Given the amount of discussion on this and other pin-related threads, I feel like I really need to come up with a proper proto-RFC based on the new idea, if I have any chance to make it a reality…
…But for now, to respond to @withoutboats:
I could imagine concrete use cases for e.g. &mut Pinned<SomeType>, but then you’ve gained nothing over PinMut<SomeType> because the pinning is still showing up in the API.
The generic use case would look like
fn takes_mut_ref<T: ?Sized>(t: &mut T)
or
trait Foo {
fn takes_mut_self(&mut self);
}
T or Self (respectively) would be instantiated with Pinned<SomeType> – but of course, if you don’t need immovability, it could be any other type.

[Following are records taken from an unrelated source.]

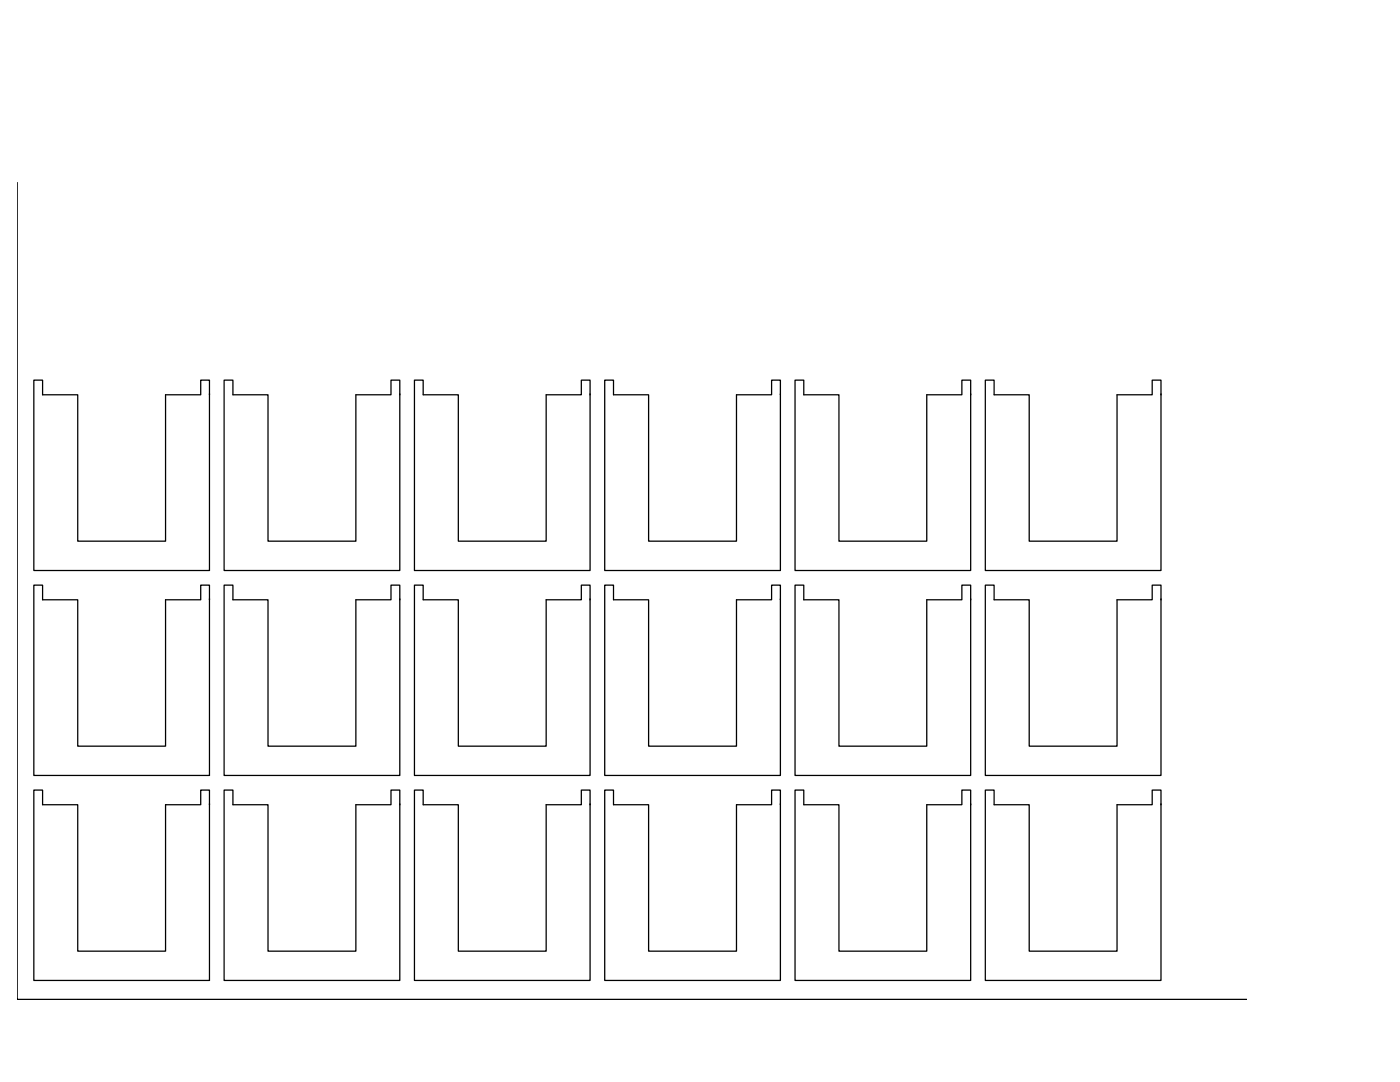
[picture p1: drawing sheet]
<svg xmlns="http://www.w3.org/2000/svg" width="279mm" height="216mm" viewBox="0 0 279 216" stroke-linecap="round" stroke-linejoin="round" font-family="sans-serif">
<!-- layer: 0 -->
<g fill="none" stroke="#000" stroke-width=".25">
<path d="M3.4 36.4v163h245.4M6.8 75.9h1.7v2.9h7v29.2h17.5v-29.2h7.1v-2.9h1.7v37.9h-35zM41.8 78.8h.1M44.7 75.9h1.8v2.9h7v29.2h17.5v-29.2h7v-2.9h1.8v37.9h-35.1zM79.8 78.8h.1M82.7 75.9h1.8v2.9h7v29.2h17.5v-29.2h7v-2.9h1.8v37.9h-35.1zM117.8 78.8h.1M120.7 75.9h1.7v2.9h7v29.2h17.6v-29.2h7v-2.9h1.7v37.9h-35zM155.7 78.8h.1M158.7 75.9h1.7v2.9h7v29.2h17.6v-29.2h7v-2.9h1.7v37.9h-35zM193.7 78.8h.1M196.6 75.9h1.8v2.9h7v29.2h17.5v-29.2h7v-2.9h1.8v37.9h-35.1z"/>
<path d="M231.7 78.8h.1M6.8 116.8h1.7v2.9h7v29.2h17.5v-29.2h7.1v-2.9h1.7v37.9h-35zM41.8 119.7h.1M44.7 116.8h1.8v2.9h7v29.2h17.5v-29.2h7v-2.9h1.8v37.9h-35.1zM79.8 119.7h.1M82.7 116.8h1.8v2.9h7v29.2h17.5v-29.2h7v-2.9h1.8v37.9h-35.1zM117.8 119.7h.1M120.7 116.8h1.7v2.9h7v29.2h17.6v-29.2h7v-2.9h1.7v37.9h-35zM155.7 119.7h.1M158.7 116.8h1.7v2.9h7v29.2h17.6v-29.2h7v-2.9h1.7v37.9h-35zM193.7 119.7h.1M196.6 116.8h1.8v2.9h7v29.2h17.5v-29.2h7v-2.9h1.8v37.9h-35.1z"/>
<path d="M231.7 119.7h.1M6.8 157.7h1.7v2.9h7v29.2h17.5v-29.2h7.1v-2.9h1.7v37.9h-35zM44.7 157.7h1.8v2.9h7v29.2h17.5v-29.2h7v-2.9h1.8v37.9h-35.1zM82.7 157.7h1.8v2.9h7v29.2h17.5v-29.2h7v-2.9h1.8v37.9h-35.1zM120.7 157.7h1.7v2.9h7v29.2h17.6v-29.2h7v-2.9h1.7v37.9h-35zM158.7 157.7h1.7v2.9h7v29.2h17.6v-29.2h7v-2.9h1.7v37.9h-35zM196.6 157.7h1.8v2.9h7v29.2h17.5v-29.2h7v-2.9h1.8v37.9h-35.1zM41.8 160.6h.1M79.8 160.6h.1M117.8 160.6h.1M155.7 160.6h.1M193.7 160.6h.1"/>
<path d="M231.7 160.6h.1"/>
</g>
</svg>
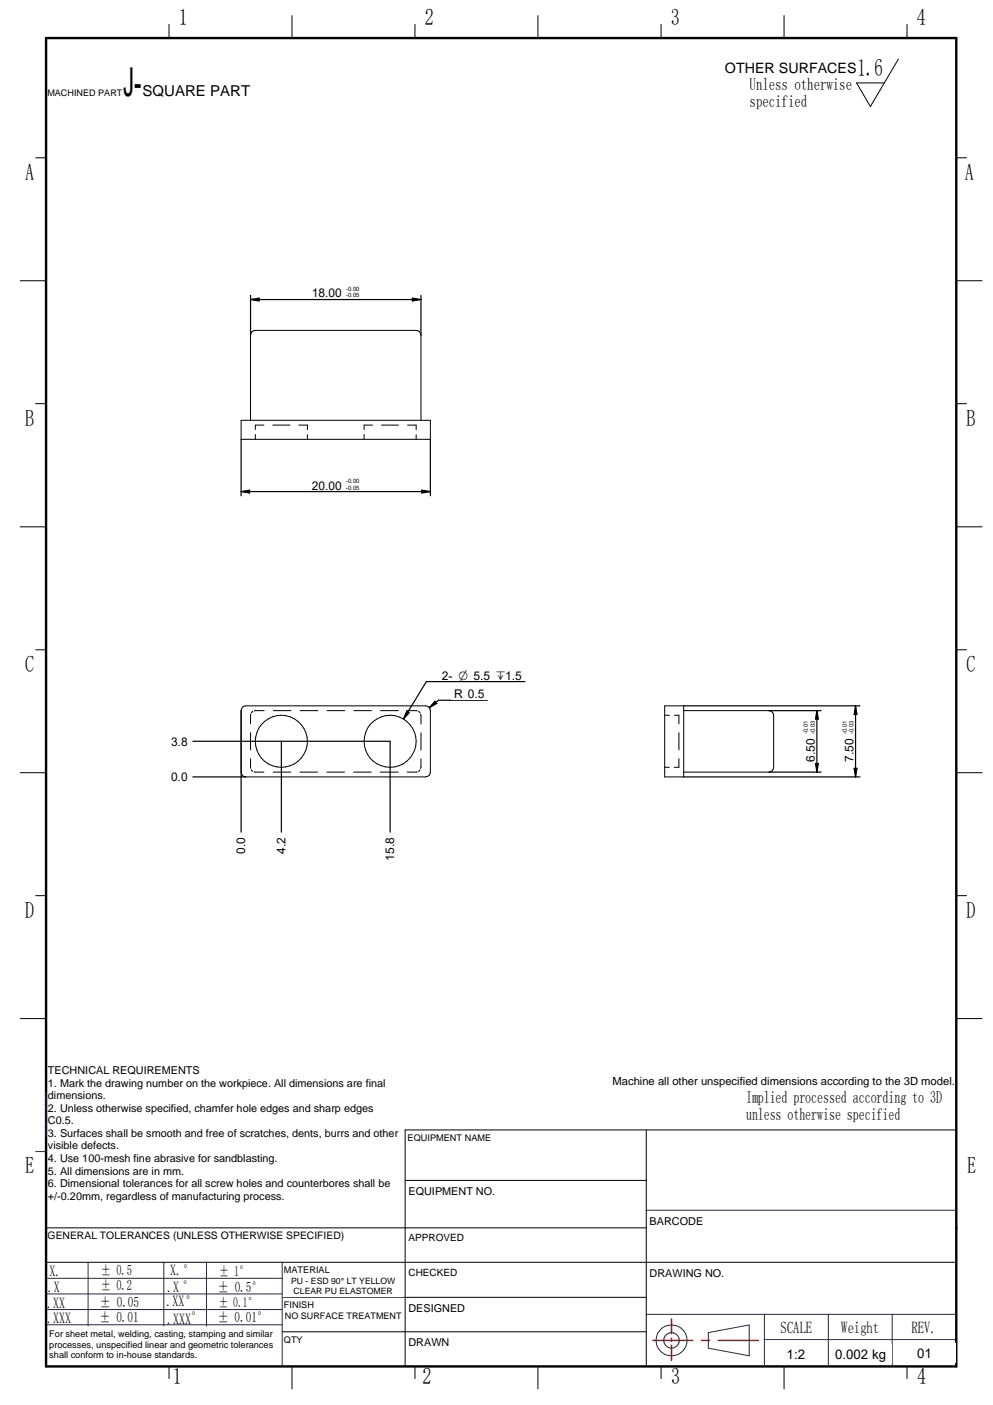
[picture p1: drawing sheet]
<svg xmlns="http://www.w3.org/2000/svg" width="210mm" height="297mm" viewBox="0 0 210 297" stroke-linecap="round" stroke-linejoin="round" font-family="sans-serif">
<defs><g id="words">
<text font-size="8.4" x="26" y="20.4">J-</text>
<text font-size="5.1" x="181.3" y="16.2">1.6</text>
<g font-size="4.9">
<text x="37.8" y="5.3">1</text>
<text x="89.8" y="5.3">2</text>
<text x="141.8" y="5.3">3</text>
<text x="193.8" y="5.3">4</text>
<text x="5.3" y="38">A</text>
<text x="204" y="38">A</text>
<text x="5.3" y="90">B</text>
<text x="204.3" y="90">B</text>
<text x="5.3" y="142">C</text>
<text x="204.3" y="142">C</text>
<text x="5.3" y="194">D</text>
<text x="204.3" y="194">D</text>
<text x="5.3" y="248.1">E</text>
<text x="204.4" y="248.1">E</text>
<text x="36.5" y="292.7">1</text>
<text x="89.3" y="292.7">2</text>
<text x="141.9" y="292.7">3</text>
<text x="193.8" y="292.7">4</text>
</g>
<g font-size="3.6">
<text x="158.5" y="19">Unless otherwise</text>
<text x="158.5" y="22.6">specified</text>
<text x="157.7" y="233.1">Implied processed according to 3D</text>
<text x="157.7" y="236.7">unless otherwise specified</text>
<text x="165" y="281.8">SCALE</text>
<text x="177.8" y="281.8">Weight</text>
<text x="192.7" y="281.8">REV.</text>
</g>
<g font-size="3.3">
<text x="10.5" y="269.8">X.</text>
<text x="35.9" y="269.5">X.°</text>
<text x="10.1" y="273">.X</text>
<text x="35.3" y="273.2">.X °</text>
<text x="10" y="276.6">.XX</text>
<text x="10" y="279.7">.XXX</text>
<text x="35.2" y="276.2">.XX°</text>
<text x="35.3" y="279.8">.XXX°</text>
</g>
<text font-size="3.2" x="30.1" y="20.4">SQUARE PART</text>
<g font-size="3">
<text x="153.2" y="15.4">OTHER SURFACES</text>
<text x="21.3" y="269.5">± 0.5</text>
<text x="46.4" y="269.7">± 1°</text>
<text x="21.3" y="272.7">± 0.2</text>
<text x="46.1" y="273.1">± 0.5°</text>
<text x="21" y="279.6">± 0.01</text>
<text x="21.1" y="276.4">± 0.05</text>
<text x="46" y="279.6">± 0.01°</text>
</g>
<text font-size="2.9" x="46.3" y="276.4">± 0.1°</text>
<g font-size="2.8">
<text x="166.3" y="287.3">1:2</text>
<text x="176.5" y="287.2">0.002 kg</text>
<text x="193.9" y="287.1">01</text>
</g>
<g font-size="2.5">
<text x="65.9" y="62.9">18.00</text>
<text x="65.9" y="103.5">20.00</text>
<text x="93.4" y="143.7">2- O 5.5 `1.5</text>
<text x="96" y="147.6">R 0.5</text>
<text x="36.2" y="157.6">3.8</text>
<text x="172.2" y="161.1" transform="rotate(-90 172.2 161.1)">6.50</text>
<text x="180.4" y="161.1" transform="rotate(-90 180.4 161.1)">7.50</text>
<text x="36.2" y="165.1">0.0</text>
<text x="51.9" y="180.6" transform="rotate(-90 51.9 180.6)">0.0</text>
<text x="60.4" y="180.6" transform="rotate(-90 60.4 180.6)">4.2</text>
<text x="83.4" y="181.9" transform="rotate(-90 83.4 181.9)">15.8</text>
</g>
<text font-size="2.4" x="129.5" y="229.5">Machine all other unspecified dimensions according to the 3D model.</text>
<g font-size="2.3">
<text x="10.1" y="227">TECHNICAL REQUIREMENTS</text>
<text x="10.1" y="229.7">1. Mark the drawing number on the workpiece. All dimensions are final</text>
<text x="10.1" y="232.4">dimensions.</text>
<text x="10.1" y="235">2. Unless otherwise specified, chamfer hole edges and sharp edges</text>
<text x="10.1" y="237.7">C0.5.</text>
<text x="10.1" y="240.4">3. Surfaces shall be smooth and free of scratches, dents, burrs and other</text>
<text x="10.1" y="243">visible defects.</text>
<text x="10.1" y="245.7">4. Use 100-mesh fine abrasive for sandblasting.</text>
<text x="10.1" y="248.3">5. All dimensions are in mm.</text>
<text x="10.1" y="251">6. Dimensional tolerances for all screw holes and counterbores shall be</text>
<text x="10.1" y="253.7">+/-0.20mm, regardless of manufacturing process.</text>
<text x="86.3" y="252.6">EQUIPMENT NO.</text>
<text x="137.3" y="258.9">BARCODE</text>
<text x="137.3" y="269.9">DRAWING NO.</text>
<text x="86.3" y="277.3">DESIGNED</text>
<text x="86.3" y="284.6">DRAWN</text>
</g>
<text font-size="2.2" x="10.1" y="262">GENERAL TOLERANCES (UNLESS OTHERWISE SPECIFIED)</text>
<g font-size="2.1">
<text x="86.3" y="262.4">APPROVED</text>
<text x="86.3" y="269.7">CHECKED</text>
</g>
<g font-size="1.9">
<text x="10" y="20.4">MACHINED PART</text>
<text x="86.2" y="241.2">EQUIPMENT NAME</text>
<text x="60" y="269.2">MATERIAL</text>
<text x="60" y="276.6">FINISH</text>
<text x="60.2" y="278.9">NO SURFACE TREATMENT</text>
<text x="10.4" y="282.6">For sheet metal, welding, casting, stamping and similar</text>
<text x="10.4" y="284.9">processes, unspecified linear and geometric tolerances</text>
<text x="10.4" y="287.1">shall conform to in-house standards.</text>
<text x="60" y="283.9">QTY</text>
</g>
<g font-size="1.8">
<text x="61.5" y="271.5">PU - ESD 90° LT YELLOW</text>
<text x="62.1" y="273.6">CLEAR PU ELASTOMER</text>
</g>
<g font-size="1.3">
<text x="73.2" y="61.4">-0.00</text>
<text x="73.2" y="62.9">-0.05</text>
<text x="73.2" y="102.1">-0.00</text>
<text x="73.2" y="103.5">-0.05</text>
<text x="170.8" y="155.2" transform="rotate(-90 170.8 155.2)">-0.01</text>
<text x="172.2" y="155.2" transform="rotate(-90 172.2 155.2)">-0.03</text>
<text x="179" y="155.2" transform="rotate(-90 179 155.2)">-0.01</text>
<text x="180.4" y="155.2" transform="rotate(-90 180.4 155.2)">-0.03</text>
</g>
</g></defs>
<g fill="none" stroke="#26264c" stroke-width=".21">
<path d="M9.7 231v9.3M7.5 243.5h2.2M9.6 252.9h.1M9.7 258.3h.1M136.6 255.9h65.5M9.6 276.9h50M9.6 273.6h50M9.9 270.3h50M18.6 266.9v13.4M34.6 266.9v13.4M43.6 266.9v13.4M59.6 266.9v22"/>
<path d="M59.8 274.3h26M136.6 277.9h65.5M161.6 277.9v11M175.1 277.9v11M188.6 277.9v11M9.9 280.1h49.7M149.7 281.7l8.7-1.6v6.5l-8.7-1.6zM161.5 283.2h40.6"/>
<circle cx="142" cy="283.4" r="1.64"/>
<circle cx="142" cy="283.4" r="3.3"/>
</g>
<g fill="none" stroke="#000" stroke-width=".21">
<path d="M35.7 5.2v2.8M87.7 5.2v2.8M139.7 5.2v2.8M189.9 12.5l-5.9 10-2.9-5h5.8M191.7 5.2v2.8M7.5 33.4h2.2M202.1 33.4h2.2M4.3 59.4h5.4M202.1 59.4h5.5M7.5 85.3h2.2M202.1 85.3h2.2M4.3 111.4h5.4"/>
<path d="M202.1 111.4h5.5M7.5 137.4h2.2M202.1 137.4h2.2M4.3 163.4h5.4M202.1 163.4h5.5M7.5 189.4h2.2M202.1 189.4h2.2M4.3 215.3h5.4M202.1 215.3h5.5M202.1 238.9h-116.5v50M85.7 249.6h50.9M136.6 259.6h-126.8"/>
<path d="M202.2 259.6h.1M9.7 266.9h192.4M85.8 274.3h50.8M35.7 288.9v2.6M61.7 288.9v4.7M85.6 281.6h51M87.7 288.9v2.6M113.7 288.9v4.7M139.7 288.9v2.6M165.7 288.9v4.7M191.7 288.9v2.6"/>
</g>
<path d="M9.7 8h192.4v280.9h-192.4z" fill="none" stroke="#000" stroke-width=".51"/>
<path d="M141.9 278.8v3.2M138 283.4h8.5M141.9 282.9v.7M141.9 284.4v3.2M148.3 283.4h1.7M151.8 283.4h8.5" fill="none" stroke="#f00" stroke-width=".34"/>
<g fill="#fff">
<path d="M136.9 271.6h64.4v6h-64.4z"/>
<path d="M188.9 284.1h13v4h-13z"/>
<path d="M86 255.1h50.1v3.9h-50.1z"/>
<path d="M59.8 270.2h25.3v4h-25.3z"/>
<path d="M99.9 277.4h23v4h-23z"/>
<path d="M86.1 244.5h50v4h-50z"/>
<path d="M59.9 277.2h25.2v4.1h-25.2z"/>
<path d="M175.5 284.2h12.9v4h-12.9z"/>
<path d="M161.8 284.3h13v4h-13z"/>
<path d="M137 260.6h64.4v6h-64.4z"/>
</g>
<path d="M61.7 3.3v4.7M113.7 3.3v4.7M165.7 3.3v4.7M136.6 238.9v50M59.6 281.6h26" fill="none" stroke="#000" stroke-width=".21"/>
<path d="M14.5 11.3h28.1v12.1h-28.1z" fill="#fff"/>
<g fill="none" stroke="#000" stroke-width=".21">
<path d="M51 88.9h40v4h-40zM53 88.9v-18a1.01 1.01 0 0 1 1-1.1h34a1.01 1.01 0 0 1 1 1.1v18M54 91.9v1M55.8 89.9h-1.8v.9M57.7 89.9h3.6M63.2 89.9h1.8v.9M65 91.9v1M77 91.9v1M78.7 89.9h-1.7v.9M80.6 89.9h3.6M86.1 89.9h1.9v.9M88 91.9v1"/>
<path d="M51.3 149.5l.6-.3h38.1a1.01 1.01 0 0 1 1 1v13a1.01 1.01 0 0 1-1 1.1h-38.1a1.01 1.01 0 0 1-.9-1.1v-13zM53 154.9v3.6M53 151v2M53.5 150.4l-.4 .3M55.8 150.2l-2 .1M57.8 150.2h3.7M63.5 150.2h3.7M69.1 150.2h3.8M74.8 150.2h3.7M80.4 150.2h3.8M86.1 150.2l2.1 .1M88.5 150.4l.3 .3"/>
<path d="M88.9 151l.1 2.1M89 154.9v3.7M140.5 151.2h1M140.5 149.2h4v15.1h-4zM142.6 151.2h.9v1.8M143.5 154.9v3.6M144.5 150.2h18a1.01 1.01 0 0 1 1 1v11a1.01 1.01 0 0 1-1 1h-18M53 160.4v2M53.1 162.7l.3 .4M53.7 163.2h2.1M57.7 163.2h3.8M63.4 163.2h3.7"/>
<path d="M69.1 163.2h3.7M74.8 163.2h3.7M80.4 163.2h3.8M88.2 163.2h-2.1M88.8 162.8l-.4 .3M89 160.4l-.1 2.1M140.5 162.2h1M143.5 160.4v1.8h-1"/>
<circle cx="59.5" cy="156.7" r="5.5"/>
<circle cx="82.5" cy="156.7" r="5.5"/>
</g>
<path d="M90.1 144.1h20.9" fill="none" stroke="#000" stroke-width=".25"/>
<path d="M92.8 141.6h18.2v2.4h-18.2z" fill="#fff"/>
<path d="M51 92.9v11.9M91 92.9v11.9M86 150.3l.5 .4-1.2 1.3zM90.1 144.1l-4.8 7.9" fill="none" stroke="#000" stroke-width=".25"/>
<path d="M86 150.3l.5 .4-1.2 1.3z" fill="#000"/>
<path d="M65.3 100.8h11.4v3h-11.4z" fill="#fff"/>
<path d="M53 62.4v8.5M89 62.4v8.5M51 103.9h40M51 103.9l1.7-.3v.6zM89.2 103.6l1.8 .3-1.8 .3z" fill="none" stroke="#000" stroke-width=".25"/>
<path d="M51 103.9l1.7-.3v.6zM89.2 103.6l1.8 .3-1.8 .3z" fill="#000"/>
<path d="M65.3 60.2h11.4v3h-11.4z" fill="#fff"/>
<path d="M53 63.3l1.8-.3v.6zM53 63.3h36M87.2 63l1.8 .3-1.8 .3zM162.5 150.2h11.1M162.5 163.2h11.1" fill="none" stroke="#000" stroke-width=".25"/>
<path d="M53 63.3l1.8-.3v.6zM87.2 63l1.8 .3-1.8 .3z" fill="#000"/>
<path d="M169.5 151.8h3.1v9.9h-3.1z" fill="#fff"/>
<path d="M144.5 149.2h37.3M172.7 150.2l.3 1.8h-.6zM172.7 150.2v13M144.5 164.3h37.3M172.4 161.4h.6l-.3 1.8z" fill="none" stroke="#000" stroke-width=".25"/>
<path d="M172.7 150.2l.3 1.8h-.6zM172.4 161.4h.6l-.3 1.8z" fill="#000"/>
<path d="M177.8 151.8h2.9v9.9h-2.9z" fill="#fff"/>
<path d="M180.8 149.2l.3 1.8h-.5zM180.8 149.2v15.1M40.8 164.3h11.1M180.6 162.4h.5l-.3 1.9z" fill="none" stroke="#000" stroke-width=".25"/>
<path d="M180.8 149.2l.3 1.8h-.5zM180.6 162.4h.5l-.3 1.9z" fill="#000"/>
<path d="M35.6 163h4.7v2.4h-4.7z" fill="#fff"/>
<path d="M40.8 156.7h41.7" fill="none" stroke="#000" stroke-width=".25"/>
<path d="M35.6 155.5h4.7v2.4h-4.7z" fill="#fff"/>
<path d="M51 150.2v25.7" fill="none" stroke="#000" stroke-width=".25"/>
<path d="M49.7 176.4h2.5v4.8h-2.5z" fill="#fff"/>
<path d="M59.5 156.7v19.2" fill="none" stroke="#000" stroke-width=".25"/>
<path d="M58.3 176.4h2.4v4.8h-2.4z" fill="#fff"/>
<path d="M82.5 156.7v19.2" fill="none" stroke="#000" stroke-width=".25"/>
<path d="M81.2 176.4h2.5v6.2h-2.5z" fill="#fff"/>
<path d="M92.7 148h10.3" fill="none" stroke="#000" stroke-width=".25"/>
<path d="M95.4 145.5h7.6v2.4h-7.6z" fill="#fff"/>
<path d="M91.9 148.3l.4 .4-1.5 .9zM92.7 148l-1.9 1.6" fill="none" stroke="#000" stroke-width=".25"/>
<path d="M91.9 148.3l.4 .4-1.5 .9z" fill="#000"/>
<use href="#words"/>
</svg>

Thus, pinning would not be “showing up in the API”.
The conflation with “unsized” doesn’t actually make sense. Something without a dynamically known size can’t be deallocated, for example. This would imply that we leak all generators, and there’s no reason for it.
For now, as @RalfJung said, PinBox would still be a separate type, and it would use the original type’s deallocation routine.
Nevertheless, the issue you mention is a good justification for having trait Move: DynSized. This way, if, say, a future language extension allowed immovable types to be created by value using ‘placement new’, code compatible with that extension could bound on DynSized but not Move.
Now, I think I was wrong to say that Move could be deferred added later as a backwards compatible extension. In particular – having a fundamental function like size_of_val sometimes panic is not a great situation, so even under just the DynSized RFC, we’d probably want to create a new function that does the same thing as size_of_val, but with an actual DynSized bound, and guaranteed not to panic. But if this new function came with a semantic guarantee (implicit or explicit) that you could use the returned size to move the value, then we’d end up having to change it again if we later made Pinned<T> impl DynSized (or added other types that impl’d DynSized but not Move).
So I think the initial design ought to include a Move trait. There wouldn’t need to be any special compiler semantics associated with it yet, i.e. forbidding moves of !Move types, because for now there would be no way to obtain !Move types by value to begin with. The only effects of Move would be:
- the existing
size_of_val would panic for !Move types, and
- unsafe code using the new version of
size_of_val would be expected not to use it to move objects around unless it separately verified T: Move.